Why is the world picking on the People’s Republic of China leading up to the 2008 Summer Olympics in Beijing?
For a country with 1.3 billion people to protect, feed and force into sweatshops to manufacture Western goods — such as your shoes, watchband or every plastic thing in your kitchen — you have to admire the PRC’s efficiency.
Production quotas and six-day, 12-hour work days get things done for those proud Americans with five-day, eight-hour workdays and addictions to “24.”
If Jack Bauer knows the world is harsh, shouldn’t we?
From the state of China’s perspective, what’s the harm in oppressing a nonviolent ethnic minority here or there, crushing unarmed student protestors or blocking Google searches about “Sedona vortices” to keep the peace?
Independent thought and differing ideas cause problems, plain and simple.
Political dissent and free speech must be restrained and controlled for the state to flourish. Hence the reason Congress passed the USA PATRIOT Act, whose theft of American liberties is only topped by the sheer, kneejerk brilliance of turning it into an acronym: Uniting and Strengthening America by Providing Appropriate Tools Required to Intercept and Obstruct Terrorism.
Seriously, that’s what it stands for.
Imagine being in the room with the guys during the six hours it took to come up with that title not realizing the Bush Administration official who said, “Hey, now, make it an acronym,” was just kidding.
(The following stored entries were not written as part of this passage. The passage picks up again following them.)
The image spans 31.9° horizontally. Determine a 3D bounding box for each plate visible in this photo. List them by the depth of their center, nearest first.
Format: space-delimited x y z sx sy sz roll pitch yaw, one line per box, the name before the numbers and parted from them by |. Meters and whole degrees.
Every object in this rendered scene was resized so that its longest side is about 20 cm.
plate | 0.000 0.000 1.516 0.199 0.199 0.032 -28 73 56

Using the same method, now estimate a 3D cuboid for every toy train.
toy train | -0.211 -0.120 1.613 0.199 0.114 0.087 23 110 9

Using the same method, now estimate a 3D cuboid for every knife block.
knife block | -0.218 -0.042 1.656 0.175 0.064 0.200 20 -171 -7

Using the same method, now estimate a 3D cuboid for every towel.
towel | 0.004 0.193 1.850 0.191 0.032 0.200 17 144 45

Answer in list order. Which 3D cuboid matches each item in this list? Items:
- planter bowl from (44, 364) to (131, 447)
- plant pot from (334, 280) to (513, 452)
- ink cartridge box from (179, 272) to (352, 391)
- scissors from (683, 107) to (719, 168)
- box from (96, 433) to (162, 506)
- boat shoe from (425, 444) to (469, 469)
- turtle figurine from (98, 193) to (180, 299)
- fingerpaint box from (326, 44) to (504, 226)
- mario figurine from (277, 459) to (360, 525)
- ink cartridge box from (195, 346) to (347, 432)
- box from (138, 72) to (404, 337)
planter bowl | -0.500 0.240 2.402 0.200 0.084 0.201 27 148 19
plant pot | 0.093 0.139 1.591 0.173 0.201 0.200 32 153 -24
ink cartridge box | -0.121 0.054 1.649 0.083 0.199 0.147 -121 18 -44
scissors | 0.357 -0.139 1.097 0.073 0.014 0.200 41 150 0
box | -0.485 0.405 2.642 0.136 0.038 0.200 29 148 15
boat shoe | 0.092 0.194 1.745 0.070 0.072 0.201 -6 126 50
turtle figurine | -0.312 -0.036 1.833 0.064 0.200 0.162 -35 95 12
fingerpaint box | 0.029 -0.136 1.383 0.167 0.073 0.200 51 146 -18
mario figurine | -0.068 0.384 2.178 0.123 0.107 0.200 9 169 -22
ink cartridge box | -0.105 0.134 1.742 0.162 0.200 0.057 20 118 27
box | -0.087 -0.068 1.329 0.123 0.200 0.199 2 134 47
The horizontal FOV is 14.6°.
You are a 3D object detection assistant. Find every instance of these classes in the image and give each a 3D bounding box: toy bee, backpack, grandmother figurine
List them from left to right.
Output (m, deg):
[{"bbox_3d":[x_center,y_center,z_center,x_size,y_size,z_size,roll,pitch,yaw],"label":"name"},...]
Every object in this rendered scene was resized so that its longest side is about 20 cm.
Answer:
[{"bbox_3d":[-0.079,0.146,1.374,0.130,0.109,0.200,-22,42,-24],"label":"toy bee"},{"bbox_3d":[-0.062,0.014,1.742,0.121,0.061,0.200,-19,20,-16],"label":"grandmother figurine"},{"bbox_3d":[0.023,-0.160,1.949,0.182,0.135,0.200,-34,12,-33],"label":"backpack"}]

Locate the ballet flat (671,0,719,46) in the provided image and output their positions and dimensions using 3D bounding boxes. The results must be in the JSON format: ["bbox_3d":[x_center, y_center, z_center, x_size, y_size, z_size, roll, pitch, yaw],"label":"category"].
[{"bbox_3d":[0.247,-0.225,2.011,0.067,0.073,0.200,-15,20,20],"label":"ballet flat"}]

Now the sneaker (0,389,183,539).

In 2005, Reporters Without Borders’ Annual Worldwide Freedom Press Index ranked the PRC 159th out of 167 countries.
The Chinese Communist Party restricts most access to news deemed a threat to national security.
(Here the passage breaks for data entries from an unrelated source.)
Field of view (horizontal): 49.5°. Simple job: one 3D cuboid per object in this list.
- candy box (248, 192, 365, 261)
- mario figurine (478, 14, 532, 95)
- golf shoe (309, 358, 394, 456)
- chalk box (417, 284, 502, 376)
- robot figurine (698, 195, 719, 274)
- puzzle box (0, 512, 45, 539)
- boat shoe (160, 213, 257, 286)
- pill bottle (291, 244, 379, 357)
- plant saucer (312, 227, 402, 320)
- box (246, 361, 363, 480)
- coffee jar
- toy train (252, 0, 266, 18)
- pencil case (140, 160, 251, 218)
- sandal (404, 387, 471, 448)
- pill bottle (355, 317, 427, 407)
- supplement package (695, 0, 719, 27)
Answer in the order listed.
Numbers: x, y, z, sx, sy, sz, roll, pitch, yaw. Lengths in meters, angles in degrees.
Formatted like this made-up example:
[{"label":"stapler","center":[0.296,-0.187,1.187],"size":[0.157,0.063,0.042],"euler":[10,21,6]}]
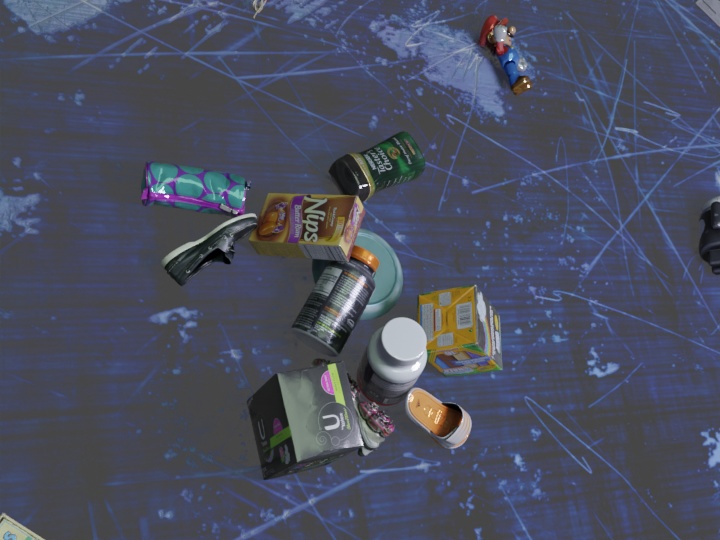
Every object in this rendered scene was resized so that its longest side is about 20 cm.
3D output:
[{"label":"candy box","center":[-0.101,-0.085,1.485],"size":[0.198,0.057,0.118],"euler":[5,59,24]},{"label":"mario figurine","center":[0.370,-0.540,1.914],"size":[0.105,0.123,0.202],"euler":[-24,83,-17]},{"label":"golf shoe","center":[-0.034,0.248,1.428],"size":[0.200,0.092,0.072],"euler":[46,13,22]},{"label":"chalk box","center":[0.202,0.129,1.531],"size":[0.200,0.123,0.126],"euler":[44,42,-53]},{"label":"robot figurine","center":[0.909,-0.091,1.952],"size":[0.123,0.151,0.202],"euler":[13,63,1]},{"label":"puzzle box","center":[-0.535,0.478,1.144],"size":[0.132,0.025,0.201],"euler":[34,60,-6]},{"label":"boat shoe","center":[-0.266,-0.036,1.444],"size":[0.198,0.075,0.066],"euler":[-30,77,-25]},{"label":"pill bottle","center":[-0.039,0.052,1.468],"size":[0.106,0.106,0.201],"euler":[32,73,-8]},{"label":"plant saucer","center":[0.000,0.000,1.577],"size":[0.198,0.027,0.202],"euler":[9,66,-20]},{"label":"box","center":[-0.098,0.257,1.324],"size":[0.123,0.200,0.150],"euler":[-8,71,-25]},{"label":"coffee jar","center":[0.034,-0.214,1.648],"size":[0.199,0.085,0.105],"euler":[-27,81,-29]},{"label":"toy train","center":[-0.245,-0.648,1.719],"size":[0.115,0.085,0.201],"euler":[23,61,-1]},{"label":"pencil case","center":[-0.311,-0.149,1.471],"size":[0.198,0.086,0.093],"euler":[7,37,-19]},{"label":"sandal","center":[0.158,0.283,1.461],"size":[0.206,0.059,0.080],"euler":[36,68,-41]},{"label":"pill bottle","center":[0.059,0.165,1.421],"size":[0.109,0.201,0.112],"euler":[5,60,-8]},{"label":"supplement package","center":[1.145,-0.846,2.326],"size":[0.151,0.200,0.152],"euler":[43,58,-1]}]
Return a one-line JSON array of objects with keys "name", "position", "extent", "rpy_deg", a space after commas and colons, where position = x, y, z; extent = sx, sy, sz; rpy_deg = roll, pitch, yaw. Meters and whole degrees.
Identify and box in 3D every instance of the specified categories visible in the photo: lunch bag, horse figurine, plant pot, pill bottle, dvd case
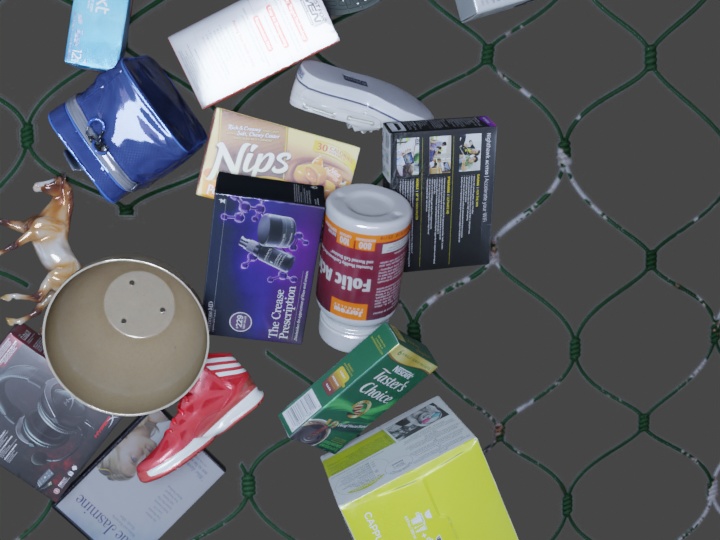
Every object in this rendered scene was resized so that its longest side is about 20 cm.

Few Chinese have met Westerners.
Right now, the average Chinese have access to state-run news which tells them Tibet was never independent, asked for PRC support to resist Western imperialism in the 1950s and wants to break away, due to a secretly militant and nationalist Dalai Lama.
History gets fuzzy when it keeps changing, much like recollections of past ex-girlfriends or ex-boyfriends change when your current partner asks for details.
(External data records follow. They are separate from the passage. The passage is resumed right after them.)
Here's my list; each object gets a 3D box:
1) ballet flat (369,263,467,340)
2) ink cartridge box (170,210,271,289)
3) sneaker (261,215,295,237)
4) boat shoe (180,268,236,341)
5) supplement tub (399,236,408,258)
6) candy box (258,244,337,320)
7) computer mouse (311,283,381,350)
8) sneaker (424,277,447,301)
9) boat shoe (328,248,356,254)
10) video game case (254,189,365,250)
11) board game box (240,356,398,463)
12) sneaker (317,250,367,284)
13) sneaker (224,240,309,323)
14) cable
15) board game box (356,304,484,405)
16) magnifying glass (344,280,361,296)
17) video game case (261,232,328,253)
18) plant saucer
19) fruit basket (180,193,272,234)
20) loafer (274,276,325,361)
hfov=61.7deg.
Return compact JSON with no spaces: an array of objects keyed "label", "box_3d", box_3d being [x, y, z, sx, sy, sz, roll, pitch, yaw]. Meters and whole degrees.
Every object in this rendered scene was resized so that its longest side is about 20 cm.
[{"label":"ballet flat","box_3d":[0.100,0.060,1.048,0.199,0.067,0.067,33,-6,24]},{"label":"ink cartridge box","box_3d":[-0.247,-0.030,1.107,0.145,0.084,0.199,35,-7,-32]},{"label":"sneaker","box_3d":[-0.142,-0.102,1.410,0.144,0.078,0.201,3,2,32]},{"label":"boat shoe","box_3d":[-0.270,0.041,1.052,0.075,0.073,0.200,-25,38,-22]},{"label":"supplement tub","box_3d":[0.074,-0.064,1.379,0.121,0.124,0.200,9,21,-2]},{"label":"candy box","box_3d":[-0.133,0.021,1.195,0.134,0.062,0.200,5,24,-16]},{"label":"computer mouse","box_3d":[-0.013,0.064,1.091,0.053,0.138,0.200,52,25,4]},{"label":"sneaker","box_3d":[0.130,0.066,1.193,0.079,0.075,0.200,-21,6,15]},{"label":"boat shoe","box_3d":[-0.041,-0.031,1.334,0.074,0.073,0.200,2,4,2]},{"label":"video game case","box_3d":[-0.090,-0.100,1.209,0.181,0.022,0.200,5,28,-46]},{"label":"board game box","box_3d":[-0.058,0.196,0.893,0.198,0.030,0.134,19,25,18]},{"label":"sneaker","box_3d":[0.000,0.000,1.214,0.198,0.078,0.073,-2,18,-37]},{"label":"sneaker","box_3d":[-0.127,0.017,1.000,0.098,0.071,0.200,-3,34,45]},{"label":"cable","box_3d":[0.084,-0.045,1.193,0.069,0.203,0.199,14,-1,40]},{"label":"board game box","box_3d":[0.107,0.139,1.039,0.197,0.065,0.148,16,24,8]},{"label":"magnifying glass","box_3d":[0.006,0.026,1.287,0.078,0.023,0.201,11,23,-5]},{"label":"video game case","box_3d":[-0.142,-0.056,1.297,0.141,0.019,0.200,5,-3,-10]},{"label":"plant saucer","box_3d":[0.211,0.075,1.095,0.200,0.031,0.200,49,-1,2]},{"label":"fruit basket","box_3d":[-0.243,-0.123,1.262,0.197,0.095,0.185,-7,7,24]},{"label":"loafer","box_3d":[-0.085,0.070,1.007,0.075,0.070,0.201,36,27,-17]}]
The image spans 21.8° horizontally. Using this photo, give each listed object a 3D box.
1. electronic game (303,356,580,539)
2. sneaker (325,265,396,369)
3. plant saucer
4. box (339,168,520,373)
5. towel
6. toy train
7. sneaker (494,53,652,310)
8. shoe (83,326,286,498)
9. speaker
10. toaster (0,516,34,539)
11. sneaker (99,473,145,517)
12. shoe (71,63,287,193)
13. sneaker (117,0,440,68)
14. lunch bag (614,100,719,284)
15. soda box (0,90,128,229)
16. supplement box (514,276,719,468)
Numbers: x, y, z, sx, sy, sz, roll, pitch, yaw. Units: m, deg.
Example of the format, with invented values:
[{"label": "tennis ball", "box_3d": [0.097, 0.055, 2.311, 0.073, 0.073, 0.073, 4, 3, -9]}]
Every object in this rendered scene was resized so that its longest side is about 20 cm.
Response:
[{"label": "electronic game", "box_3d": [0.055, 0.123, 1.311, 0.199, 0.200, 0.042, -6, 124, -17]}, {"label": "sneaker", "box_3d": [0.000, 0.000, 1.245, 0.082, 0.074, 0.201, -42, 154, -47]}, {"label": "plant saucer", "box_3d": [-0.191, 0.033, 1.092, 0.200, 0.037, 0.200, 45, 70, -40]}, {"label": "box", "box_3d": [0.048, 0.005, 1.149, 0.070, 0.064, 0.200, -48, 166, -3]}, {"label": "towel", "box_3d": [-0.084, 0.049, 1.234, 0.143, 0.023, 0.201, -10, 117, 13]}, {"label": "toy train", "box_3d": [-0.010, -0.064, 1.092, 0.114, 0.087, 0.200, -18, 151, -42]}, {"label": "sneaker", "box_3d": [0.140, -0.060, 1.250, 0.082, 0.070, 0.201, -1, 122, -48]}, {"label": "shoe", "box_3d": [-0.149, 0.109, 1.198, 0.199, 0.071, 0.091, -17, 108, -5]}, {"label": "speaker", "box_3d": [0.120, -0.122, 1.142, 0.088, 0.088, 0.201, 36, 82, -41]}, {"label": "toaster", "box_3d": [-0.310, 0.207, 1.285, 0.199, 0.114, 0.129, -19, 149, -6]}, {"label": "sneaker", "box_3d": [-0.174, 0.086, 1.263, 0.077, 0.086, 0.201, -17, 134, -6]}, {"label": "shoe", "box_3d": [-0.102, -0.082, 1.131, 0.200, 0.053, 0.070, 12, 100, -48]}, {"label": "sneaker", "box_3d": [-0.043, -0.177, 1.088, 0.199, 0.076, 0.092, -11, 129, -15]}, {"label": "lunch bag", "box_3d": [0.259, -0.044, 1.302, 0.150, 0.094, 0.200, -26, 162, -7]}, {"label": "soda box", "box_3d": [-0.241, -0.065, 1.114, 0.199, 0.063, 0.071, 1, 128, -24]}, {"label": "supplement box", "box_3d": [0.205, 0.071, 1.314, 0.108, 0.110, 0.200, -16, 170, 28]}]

The state of China and the Chinese people need to be treated as two separate parties as we approach the games.
Most Americans these days don’t want foreigners to confuse their ideologies with those of President George W. Bush, thus the reason some Americans wear red maple leaf patches when they tour Europe.
Hate the war, love the soldier.
The Chinese see images of foreigners the world over trying to douse the Olympic flame or statements like, “Our government should boycott the Beijing games …,” however, the state of China carefully neglects the context of “… because the Chinese government has oppressed, silenced and killed Tibetans for 50 years.”
Protesters would do better to silently protest the passing Olympic torch with signs reading “Question Your Government” and “Dissent is Necessary,” “Demand Free Speech” — of course written in Mandarin — and hope to get caught on camera.
“Free Tibet” bumper stickers help pay manufacturers to make more “Free Tibet” bumper stickers but do little to actually free Tibet.
One-sixth of the world’s population wakes up with a photo of Chairman Mao on the mantle. They support their government because there is little or no access to the outside world.
Bitter street protests in San Francisco or Paris make rabble-rousers feel self-satisfied, but to the average potential Chinese dissident watching on television, the Western countries seem like tribes of self-righteous jerks, which helps neither Tibet nor the average Chinese.
Rather than boycott the games, more Westerners should go. For many Chinese, the 2008 Olympics may be the first face-to-face contact with Westerners.
An old friend of mine returned to Sedona after a few months in the Far East. In China, he was asked bluntly and naively, “Tiananmen, did that happen?”
For Westerners, the oppression in Tibet, the massacre of students in Tiananmen Square and Beijing’s efforts to limit free speech and dissent are old news. To the Chinese, they are rumors desperately seeking confirmation.
The right words at the right time could do more than a full day of tear-gas-filled fun on the Champs-Élysées.
Communist China is a doomed creature, whether it happens in the slow progression toward capitalism or with a violent overthrow by the people.
Either way, this summer’s celebration of the best achievements the human body can perform could be a tool to show the Chinese what’s possible from free minds.
Ask yourself, “How would Jack Bauer free Tibet?”